Attention e-mobility 2.0, now China is in demand! BYD, Almonty Industries, VW, and Mercedes in focus

  • Mining
  • Tungsten
  • Electromobility
Photo credits: pixabay.com

Even though e-mobility has stuttered in Germany since the scrapping of the environmental bonus, the production of new vehicles "Made in China" is running at full speed. Manufacturers are still trying to pack more range, durability and stability into the units. Conceptually, electric vehicles only make sense if inexpensive electricity can be used for charging. Fast charging stations on the highway cost between 55 and 95 cents per kilowatt hour; Tesla charges an average of 43 cents but asks external customers to pay up to 64 cents. Without the tax disadvantage, optimized diesel vehicles have the same operating costs as electric vehicles. Where the combustion engine clearly scores points, however, is in winter operation, independence, and range. What is more, the battery in an electric vehicle needs to be replaced after 10 years, while the diesel engine has only just warmed up with 150,000 km of performance. Where are the opportunities for shareholders?

time to read: 5 minutes | Author: André Will-Laudien
ISIN: BYD CO. LTD H YC 1 | CNE100000296 , ALMONTY INDUSTRIES INC. | CA0203981034 , VOLKSWAGEN AG VZO O.N. | DE0007664039 , MERCEDES-BENZ GROUP AG | DE0007100000

Table of contents:


    BYD - Heading West with cheap exports

    When a BYD freighter unloaded its cargo for the first time in Bremerhaven in February, 3,000 brand-new vehicles from the Chinese automaker emerged from the ship's hold. 200 such ships will now be built in Asia by 2026 to flood the world with Chinese cars. The route to Europe passes through Vlissingen in the Netherlands, then on to Bremerhaven, further to Zeebrugge in Belgium, and back to China. There, the next load awaits shipment.
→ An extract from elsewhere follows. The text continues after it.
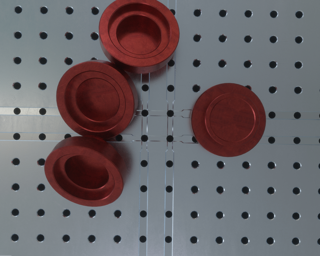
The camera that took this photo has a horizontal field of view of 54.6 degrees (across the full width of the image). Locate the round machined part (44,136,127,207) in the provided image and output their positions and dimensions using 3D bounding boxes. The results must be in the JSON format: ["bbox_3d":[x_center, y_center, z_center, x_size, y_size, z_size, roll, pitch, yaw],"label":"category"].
[{"bbox_3d":[-0.089,0.050,0.390,0.098,0.042,0.097,5,124,7],"label":"round machined part"}]

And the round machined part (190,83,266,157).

    This new freighter is just a foretaste of what currently threatens car manufacturers worldwide. BYD, Xiaomi, Chery, Geely and Nio have been building one factory after another in their home countries for years. Europe has slept through the evolution to the e-car, so the competence now lies with the first mover in Texas and, above all, in China. The factories there are now producing with huge overcapacity, and the economic principle of "economics of scale" has been implemented. There is still a lack of purchasing power at home, and China's industry is currently unable to get rid of the volume of vehicles. When the new roll-on roll-off ships are launched, the sales price in Europe will no longer play a role. Even without the new ships, China has already overtaken Germany and Japan as the largest vehicle exporter.

    BYD management recently called on China's political decision-makers to extend its NEV purchase subsidies until 2025 in order to promote the continued positive development of e-mobility. In the first quarter, 626,236 electric vehicles were sold, a noticeable decline compared to 944,779 in the fourth quarter of 2023. However, this was still an increase of 13.4% compared to the previous year. BYD shares have been trading between EUR 20 and EUR 26 for 6 months; the high of EUR 42 from 2022 seems a long way off. However, a small technical breakout to the upside was achieved at the end of last week. If the resistance at EUR 30 falls, BYD could start climbing again.

    Almonty Industries - Critical metals in focus

    Industrial manufacturing on a large scale involves a whole basket of critical raw materials. The heat-resistant hardening metal tungsten is in demand in the automotive, high-tech and defense sectors. As with many metals, there has been a dependency on China for years, as 70% of global demand is mined here. The geopolitical changes between the US-dominated West and the newly formed BRICS group of states appear dangerous. They are casting a spell over more and more countries that have wanted to say goodbye to the US dollar area for years. Tungsten, in particular, could become a difficult metal to obtain.

    A perfect opportunity for the Canadian company Almonty Industries. It owns four properties of the rare metal in the western-oriented zones of Europe and South Korea. Also, it has a large accumulation of molybdenum, which is used in electrical engineering and for hardening steel. Western countries are hopeful about the new deposits and are already reaching out. The high-ranking visit by the US Department of Commerce to the Panasqueira mine in Spain at the beginning of 2024 is significant. The start of production at Sangdong is planned for the end of 2024 to mid-2025. It is important for international customers that alternatives to China are created within a reasonable time frame.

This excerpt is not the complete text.